[Data excerpts]:
= = = = = = =
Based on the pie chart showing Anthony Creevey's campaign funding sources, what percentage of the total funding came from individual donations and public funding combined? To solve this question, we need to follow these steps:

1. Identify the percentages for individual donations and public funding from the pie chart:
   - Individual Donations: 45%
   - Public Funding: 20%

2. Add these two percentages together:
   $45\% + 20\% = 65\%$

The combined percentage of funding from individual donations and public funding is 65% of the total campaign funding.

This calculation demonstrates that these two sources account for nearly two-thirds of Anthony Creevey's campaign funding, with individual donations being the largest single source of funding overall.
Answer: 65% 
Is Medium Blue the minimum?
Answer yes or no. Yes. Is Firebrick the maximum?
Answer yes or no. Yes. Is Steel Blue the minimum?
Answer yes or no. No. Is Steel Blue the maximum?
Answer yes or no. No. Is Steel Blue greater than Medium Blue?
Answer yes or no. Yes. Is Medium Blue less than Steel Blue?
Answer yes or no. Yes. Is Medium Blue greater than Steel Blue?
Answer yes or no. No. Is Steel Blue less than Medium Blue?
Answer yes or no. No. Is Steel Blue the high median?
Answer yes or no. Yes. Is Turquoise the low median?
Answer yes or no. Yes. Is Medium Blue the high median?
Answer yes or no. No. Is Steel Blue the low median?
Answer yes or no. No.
= = = = = = =
[Task instructions]: Write the data out once more, exactly as it was given.

[Finished task]:
Based on the pie chart showing Anthony Creevey's campaign funding sources, what percentage of the total funding came from individual donations and public funding combined? To solve this question, we need to follow these steps:

1. Identify the percentages for individual donations and public funding from the pie chart:
   - Individual Donations: 45%
   - Public Funding: 20%

2. Add these two percentages together:
   $45\% + 20\% = 65\%$

The combined percentage of funding from individual donations and public funding is 65% of the total campaign funding.

This calculation demonstrates that these two sources account for nearly two-thirds of Anthony Creevey's campaign funding, with individual donations being the largest single source of funding overall.
Answer: 65% 
Is Medium Blue the minimum?
Answer yes or no. Yes. Is Firebrick the maximum?
Answer yes or no. Yes. Is Steel Blue the minimum?
Answer yes or no. No. Is Steel Blue the maximum?
Answer yes or no. No. Is Steel Blue greater than Medium Blue?
Answer yes or no. Yes. Is Medium Blue less than Steel Blue?
Answer yes or no. Yes. Is Medium Blue greater than Steel Blue?
Answer yes or no. No. Is Steel Blue less than Medium Blue?
Answer yes or no. No. Is Steel Blue the high median?
Answer yes or no. Yes. Is Turquoise the low median?
Answer yes or no. Yes. Is Medium Blue the high median?
Answer yes or no. No. Is Steel Blue the low median?
Answer yes or no. No.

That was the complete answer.